You would think attorneys would be honest. Afterall to be an attorney you need to pass an ethics test. Yet the California Bar seems to consist of radicals who have no respect for the truth.
“California’s state bar last month blocked a group of legal academics from participating in a previously scheduled review of content on the troubled February 2025 bar exam, raising new questions about the material on the licensing test.
About a dozen law school deans and professors had agreed in January, at the state bar’s invitation, to scrutinize the exam’s multiple-choice questions, essay topics and performance test material as part of a process, known as standard setting. The review, according to an email sent to invitees, would help shape scoring of the licensing exam.
Now there is a question about the honesty of the recent Bar Exam. Obviously, like everything the Left does, it was corrupted in the name of secrecy. I would have every one in the Bar Association that was involved in this abuse have their legal license taken from them—they can not pass an ethics test in real time.
California Bar Blocked Law School Deans And Professors From Vetting Troubled Bar Exam
By Paul Caron, TaxProfBlog, 3/14/25 https://taxprof.typepad.com/taxprof_blog/2025/03/california-bar-blocked-law-school-deans-and-professors-from-vetting-troubled-bar-exam.html
The Recorder, State Bar Blocked Law School Academics From Vetting Troubled Bar Exam:
California’s state bar last month blocked a group of legal academics from participating in a previously scheduled review of content on the troubled February 2025 bar exam, raising new questions about the material on the licensing test.
About a dozen law school deans and professors had agreed in January, at the state bar’s invitation, to scrutinize the exam’s multiple-choice questions, essay topics and performance test material as part of a process, known as standard setting. The review, according to an email sent to invitees, would help shape scoring of the licensing exam.

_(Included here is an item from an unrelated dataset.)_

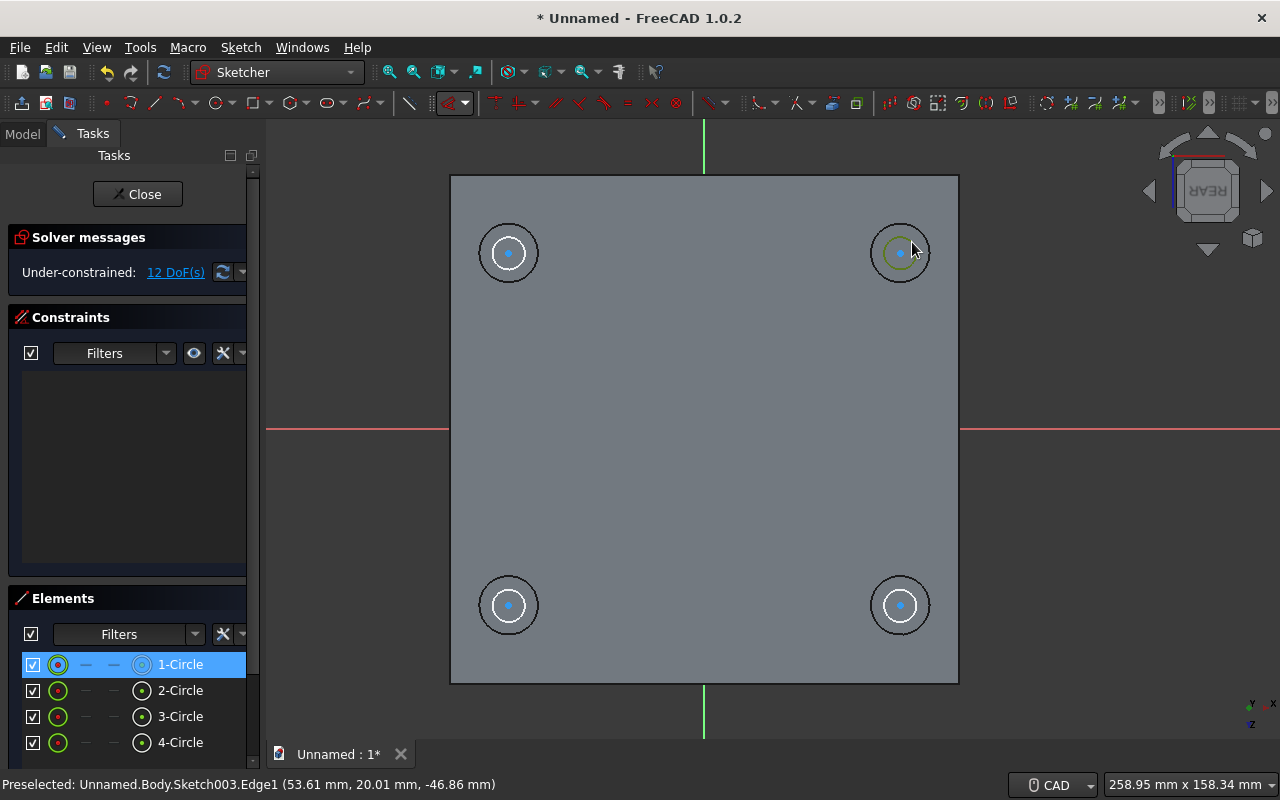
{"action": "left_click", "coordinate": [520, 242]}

Bar officials confirmed plans for the reviewers to travel to the agency’s office in Los Angeles two times, once in March and again in April, to see the questions administered to applicants on the Feb. 26-27 exam.

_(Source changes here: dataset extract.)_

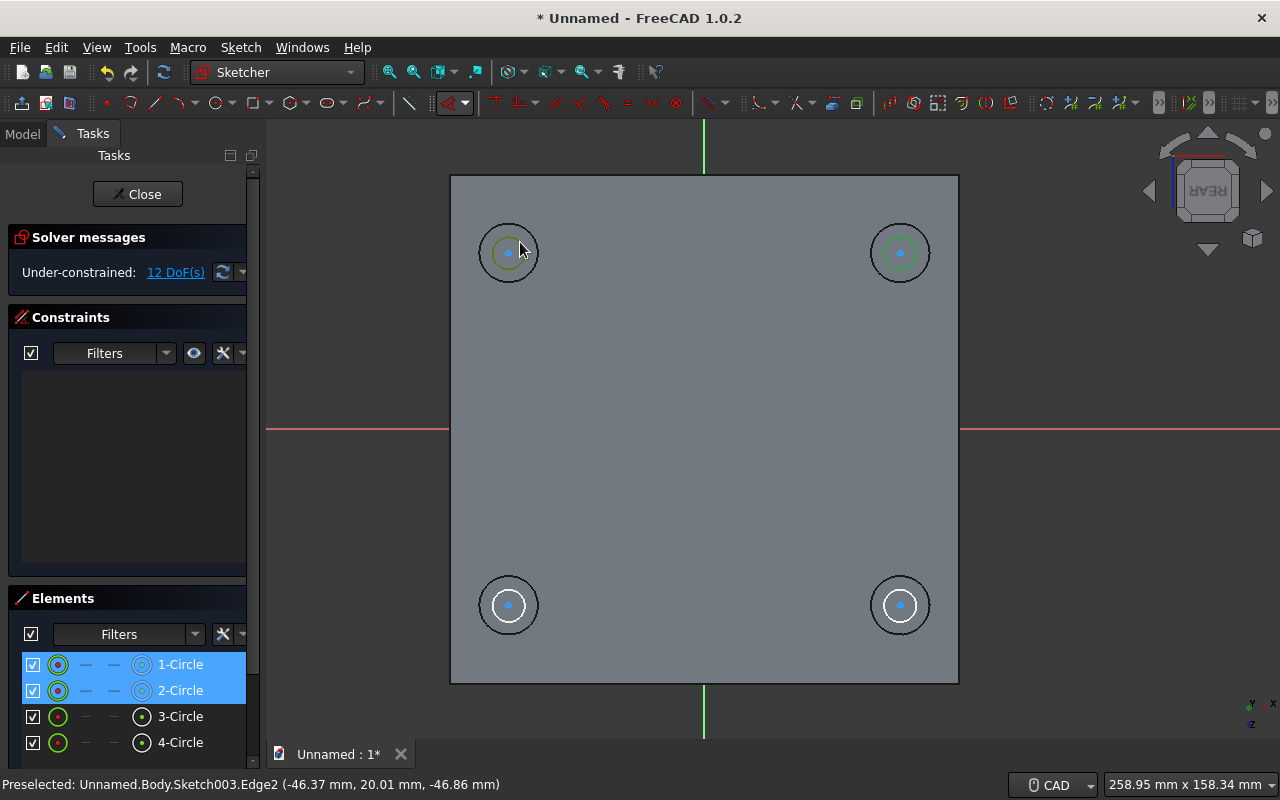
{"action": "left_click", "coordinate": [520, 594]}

But in the days that immediately followed the exam, which was marked by widespread technical problems that rendered some examinees unable to finish or even start the test, bar officials called the reviewers and rescinded their invitations. The reason wasn’t entirely clear, although it appeared connected to the bar’s use of Kaplan North America for the first time ever to write the exam’s multiple-choice questions.
Mary Basick, assistant dean for academic skills at UC Irvine School of Law, was one of the uninvited reviewers. She said a bar staffer told her the agency’s general counsel, Ellin Davtyan, had determined that anyone who had worked in recent months with material from the National Council of Bar Examiners, or NCBE, had a conflict of interest and could not see the bar exam content. …
The NCBE writes the multistate bar exam, which the state bar used until retaining Kaplan last year to craft questions. Bar leaders made the switch in hopes of saving money since Kaplan, unlike the NCBE, allows examinees to take its test from home instead of at large convention centers that are costly to rent. …
The original invitees had received emails from the bar’s admissions office in January, identifying them as “uniquely qualified to serve” as reviewers “given your experience at your law school. Your participation is vital for maintaining the integrity and rigor of the [California Bar Exam], ensuring that only those applicants who are adequately prepared can progress in their licensure,” the email stated. …
NCBE has raised concerns over the last year about Kaplan potentially infringing on its copyright-protected test materials, particularly given the state bar officials’ repeated public assurances that the format and content of the multiple-choice questions on the exam would not change with a new vendor. …
Events surrounding the expert review of the February exam shine a light on an aspect of the test—the validity and quality of the questions—that has been overshadowed by the administration’s many technical problems. Some examinees have criticized the multiple-choice questions for appearing to omit vital facts or for providing two potentially correct answers.
Prior TaxProf Blog coverage:
- California Bar Exam Suffers Catastrophic Meltdown: ‘I’ve Never Had This Much Despair And Hopelessness’ (Feb. 27, 2025)
- The California Bar Exam Fiasco: Is Provisional Licensure The Appropriate Remedy? (Mar. 1, 2025)
- New York Times: California Bar Exam Fiasco Enrages Test Takers And Clouds Their Futures; Chemerinsky Calls For Provisional Licensure (Mar. 3, 2025)
- 17 Deans Ask California High Court To Provisionally License Grads Who Fail February Exam And Scrap New Kaplan-Written Questions And Revert Back To In-Person Exams In July (Mar. 4, 2025)
- California Supreme Court Reverts Back To In-Person Bar Exam In July (Mar. 5, 2025)
- Law Profs: California State Bar Must Be Held Accountable For Its Catastrophic Failures (Mar. 6, 2025)
- California Bar Orders Investigation Of February Exam Disaster As Beleaguered Test-Takers Fume (Mar. 9, 2025)
If this article means anything, it’s safe to safe our state’s bar is less ethical than the people being taken to court.